Using the material below, repeat exactly the lines from the one with "b(20) + 1.8 $$" through the one with "2019 BlazingDB, Inc.", ends included, without any images.

## [The data]
========
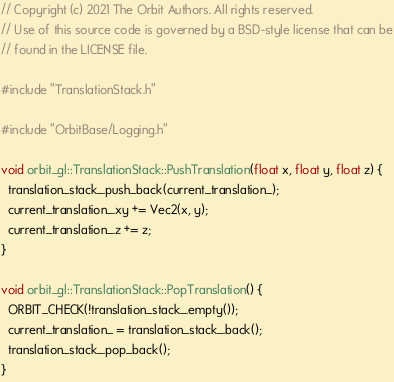<code> <loc_0><loc_0><loc_500><loc_500><_C++_>// Copyright (c) 2021 The Orbit Authors. All rights reserved.
// Use of this source code is governed by a BSD-style license that can be
// found in the LICENSE file.

#include "TranslationStack.h"

#include "OrbitBase/Logging.h"

void orbit_gl::TranslationStack::PushTranslation(float x, float y, float z) {
  translation_stack_.push_back(current_translation_);
  current_translation_.xy += Vec2(x, y);
  current_translation_.z += z;
}

void orbit_gl::TranslationStack::PopTranslation() {
  ORBIT_CHECK(!translation_stack_.empty());
  current_translation_ = translation_stack_.back();
  translation_stack_.pop_back();
}
</code> 
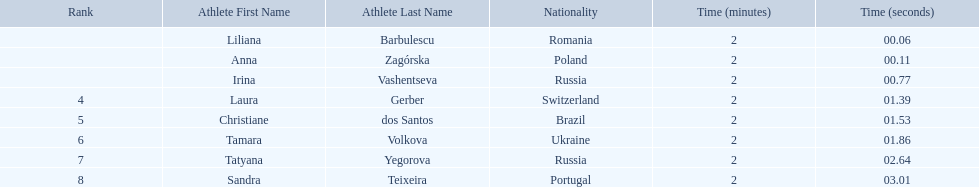What athletes are in the top five for the women's 800 metres? Liliana Barbulescu, Anna Zagórska, Irina Vashentseva, Laura Gerber, Christiane dos Santos. Which athletes are in the top 3? Liliana Barbulescu, Anna Zagórska, Irina Vashentseva. Who is the second place runner in the women's 800 metres? Anna Zagórska. What is the second place runner's time? 2:00.11. 
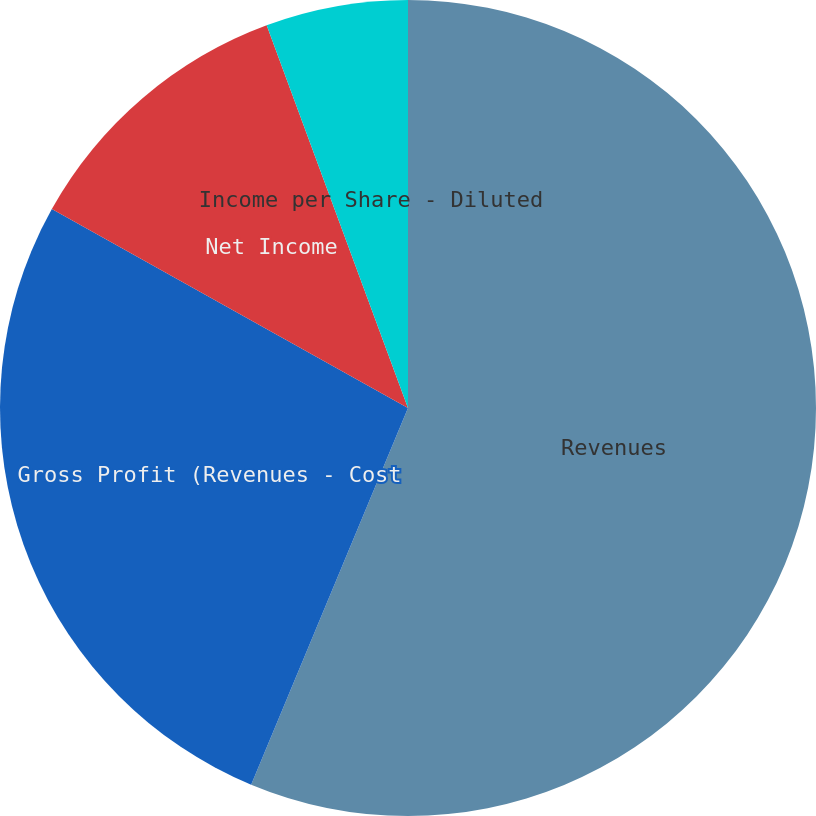<chart> <loc_0><loc_0><loc_500><loc_500><pie_chart><fcel>Revenues<fcel>Gross Profit (Revenues - Cost<fcel>Net Income<fcel>Income per Share - Basic<fcel>Income per Share - Diluted<nl><fcel>56.28%<fcel>26.83%<fcel>11.26%<fcel>0.0%<fcel>5.63%<nl></chart> 
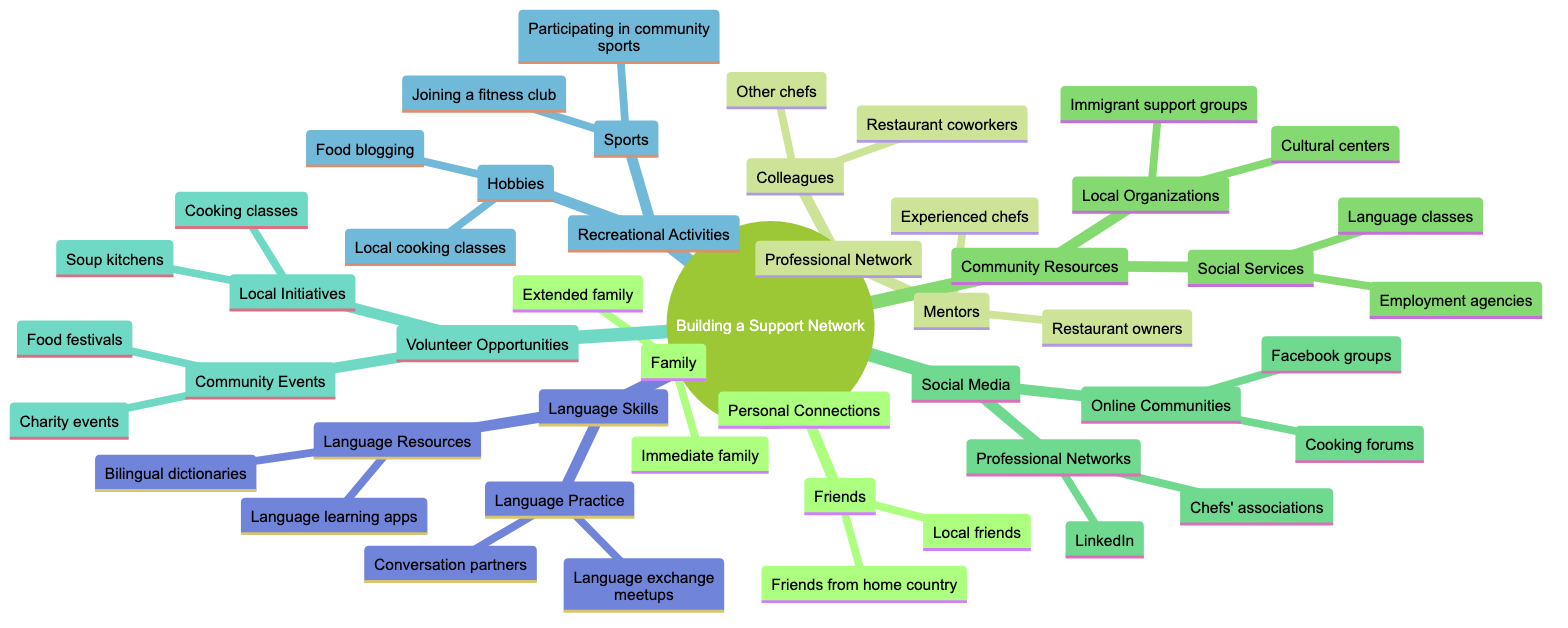What are two types of personal connections mentioned? The diagram identifies two categories of personal connections: "Friends" and "Family." Both these categories include various subtypes, but the question specifically asks for the types themselves.
Answer: Friends, Family How many types of community resources are there? The diagram shows two main categories under community resources: "Local Organizations" and "Social Services," thus indicating two distinct types in total.
Answer: 2 What are two types of recreational activities listed? The diagram presents two categories under recreational activities: "Hobbies" and "Sports." Each of these categories encompasses various subtypes, but the question asks specifically for the types.
Answer: Hobbies, Sports Which online community platforms are included in the social media section? The social media section of the diagram includes "Facebook groups" and "Cooking forums" as the two specific examples listed under online communities.
Answer: Facebook groups, Cooking forums How many types of language skills are represented in the diagram? The diagram indicates that there are two categories related to language skills: "Language Practice" and "Language Resources," hence the total number of types represented is two.
Answer: 2 Which professional network is specifically mentioned in the diagram? "LinkedIn" is specifically mentioned as one of the platforms under professional networks in the social media section of the diagram.
Answer: LinkedIn What types of local initiatives are suggested under volunteer opportunities? The volunteer opportunities section lists two types of local initiatives: "Soup kitchens" and "Cooking classes." Both are examples of how one can engage in community service.
Answer: Soup kitchens, Cooking classes What is one way to develop language skills mentioned in the diagram? The diagram highlights "Conversation partners" as one method to improve language skills, which falls under the "Language Practice" category.
Answer: Conversation partners Which category includes "Food festivals"? "Community Events" within the "Volunteer Opportunities" section contains "Food festivals" as one of its specific examples of engagement opportunities.
Answer: Community Events 
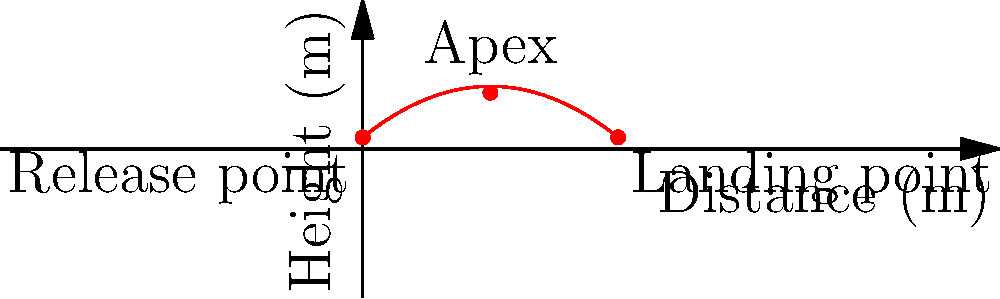Analyze the trajectory of Vinnie Jones' signature long throw-in as shown in the diagram. If the throw-in travels a total horizontal distance of 40 meters, what is the maximum height reached by the ball, and at what horizontal distance does this occur? To solve this problem, we need to analyze the parabolic trajectory of the throw-in:

1. The trajectory is represented by a quadratic function in the form:
   $$ h(x) = -ax^2 + bx + c $$
   where $h$ is the height, $x$ is the horizontal distance, and $a$, $b$, and $c$ are constants.

2. From the graph, we can see that:
   - The ball is released at a height of 1.8 meters (c = 1.8)
   - The ball lands at 40 meters, also at a height of 1.8 meters

3. The apex (highest point) of the parabola appears to be at the midpoint of the throw, which is at 20 meters horizontally.

4. To find the maximum height, we need to calculate the y-coordinate of the apex. We can do this by substituting x = 20 into the quadratic equation:
   $$ h(20) = -a(20)^2 + b(20) + 1.8 $$

5. From the graph, we can estimate that the maximum height is approximately 8.8 meters.

6. Therefore, the ball reaches its maximum height of about 8.8 meters at a horizontal distance of 20 meters from the throw-in point.
Answer: 8.8 meters at 20 meters horizontally 
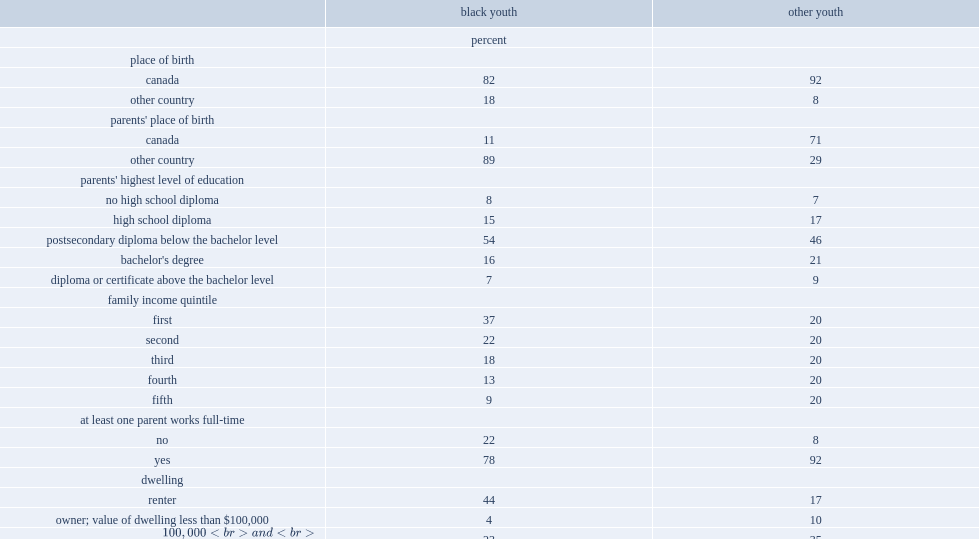What were the percentages of black youth and other youth who lived with a parent whose highest level of education was a university degree respectively? 23 30. Who were more likely to live in economically disadvantaged families in 2006,black youth or other youth? Black youth. What was the multiple relationship between black youth and other youth who lived in the bottom quintile of family income? 1.85. Who were less likely to live in a dwelling owned by a household member. Black youth. What were the percentages of black youth and other youth who lived with only one parent in 2006 respectively? 45.0 17.0. What were the percentages of black youth and other youth who were born in canada respectively? 82.0 92.0. Who had a higher proportion for an immigrant background,meaning that they had parents born outside canada,black youth or other youth? Black youth. 
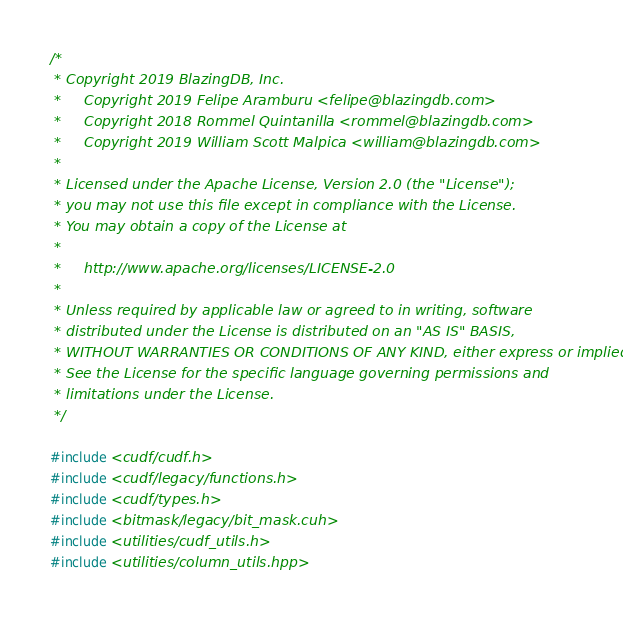Convert code to text. <code><loc_0><loc_0><loc_500><loc_500><_Cuda_>/*
 * Copyright 2019 BlazingDB, Inc.
 *     Copyright 2019 Felipe Aramburu <felipe@blazingdb.com>
 *     Copyright 2018 Rommel Quintanilla <rommel@blazingdb.com>
 *     Copyright 2019 William Scott Malpica <william@blazingdb.com>
 *
 * Licensed under the Apache License, Version 2.0 (the "License");
 * you may not use this file except in compliance with the License.
 * You may obtain a copy of the License at
 *
 *     http://www.apache.org/licenses/LICENSE-2.0
 *
 * Unless required by applicable law or agreed to in writing, software
 * distributed under the License is distributed on an "AS IS" BASIS,
 * WITHOUT WARRANTIES OR CONDITIONS OF ANY KIND, either express or implied.
 * See the License for the specific language governing permissions and
 * limitations under the License.
 */

#include <cudf/cudf.h>
#include <cudf/legacy/functions.h>
#include <cudf/types.h>
#include <bitmask/legacy/bit_mask.cuh>
#include <utilities/cudf_utils.h>
#include <utilities/column_utils.hpp>
</code> 
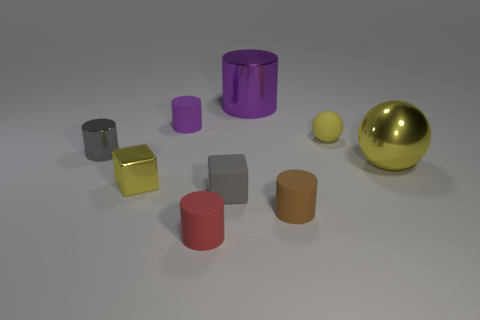Subtract all purple metal cylinders. How many cylinders are left? 4 Subtract all brown cylinders. How many cylinders are left? 4 Subtract all cyan cylinders. Subtract all red balls. How many cylinders are left? 5 Add 1 tiny brown objects. How many objects exist? 10 Subtract all balls. How many objects are left? 7 Add 6 gray rubber things. How many gray rubber things exist? 7 Subtract 1 yellow cubes. How many objects are left? 8 Subtract all tiny cyan shiny cubes. Subtract all purple rubber cylinders. How many objects are left? 8 Add 7 large shiny spheres. How many large shiny spheres are left? 8 
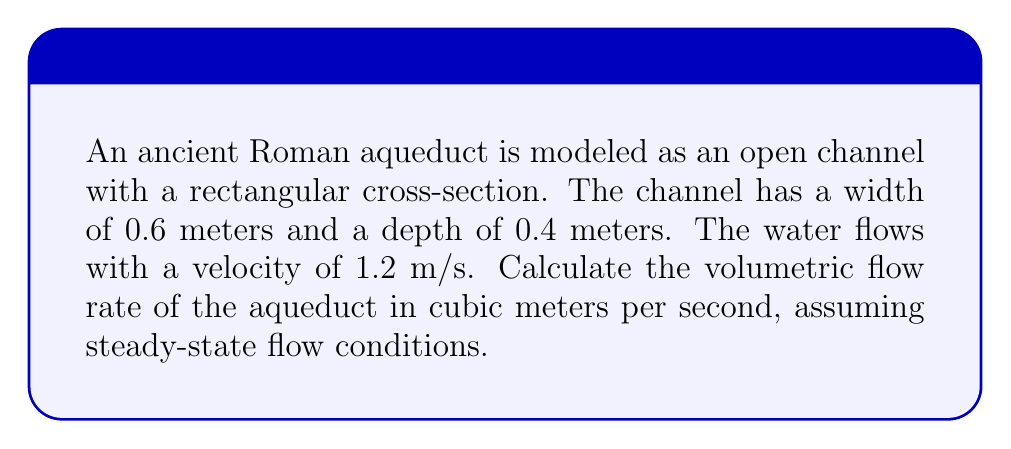Can you solve this math problem? To solve this problem, we'll use the continuity equation for incompressible fluid flow in a steady-state condition. The volumetric flow rate Q is given by the product of the cross-sectional area A and the fluid velocity v:

$$ Q = A \cdot v $$

Steps to solve:

1. Calculate the cross-sectional area A:
   $$ A = \text{width} \cdot \text{depth} = 0.6 \text{ m} \cdot 0.4 \text{ m} = 0.24 \text{ m}^2 $$

2. Use the given velocity:
   $$ v = 1.2 \text{ m/s} $$

3. Apply the continuity equation:
   $$ Q = A \cdot v = 0.24 \text{ m}^2 \cdot 1.2 \text{ m/s} = 0.288 \text{ m}^3/\text{s} $$

This calculation assumes ideal conditions and doesn't account for factors like friction or turbulence, which an experimental physicist might consider in a more detailed analysis of ancient water systems.
Answer: $0.288 \text{ m}^3/\text{s}$
========
## [Solution for this task]
   $$ h(20) = -a(20)^2 + b(20) + 1.8 $$

5. From the graph, we can estimate that the maximum height is approximately 8.8 meters.

6. Therefore, the ball reaches its maximum height of about 8.8 meters at a horizontal distance of 20 meters from the throw-in point.
Answer: 8.8 meters at 20 meters horizontally 
What were the percentages of black youth and other youth who lived with a parent whose highest level of education was a university degree respectively? 23 30. Who were more likely to live in economically disadvantaged families in 2006,black youth or other youth? Black youth. What was the multiple relationship between black youth and other youth who lived in the bottom quintile of family income? 1.85. Who were less likely to live in a dwelling owned by a household member. Black youth. What were the percentages of black youth and other youth who lived with only one parent in 2006 respectively? 45.0 17.0. What were the percentages of black youth and other youth who were born in canada respectively? 82.0 92.0. Who had a higher proportion for an immigrant background,meaning that they had parents born outside canada,black youth or other youth? Black youth. 
Convert code to text. <code><loc_0><loc_0><loc_500><loc_500><_Cuda_>/*
 * Copyright 2019 BlazingDB, Inc.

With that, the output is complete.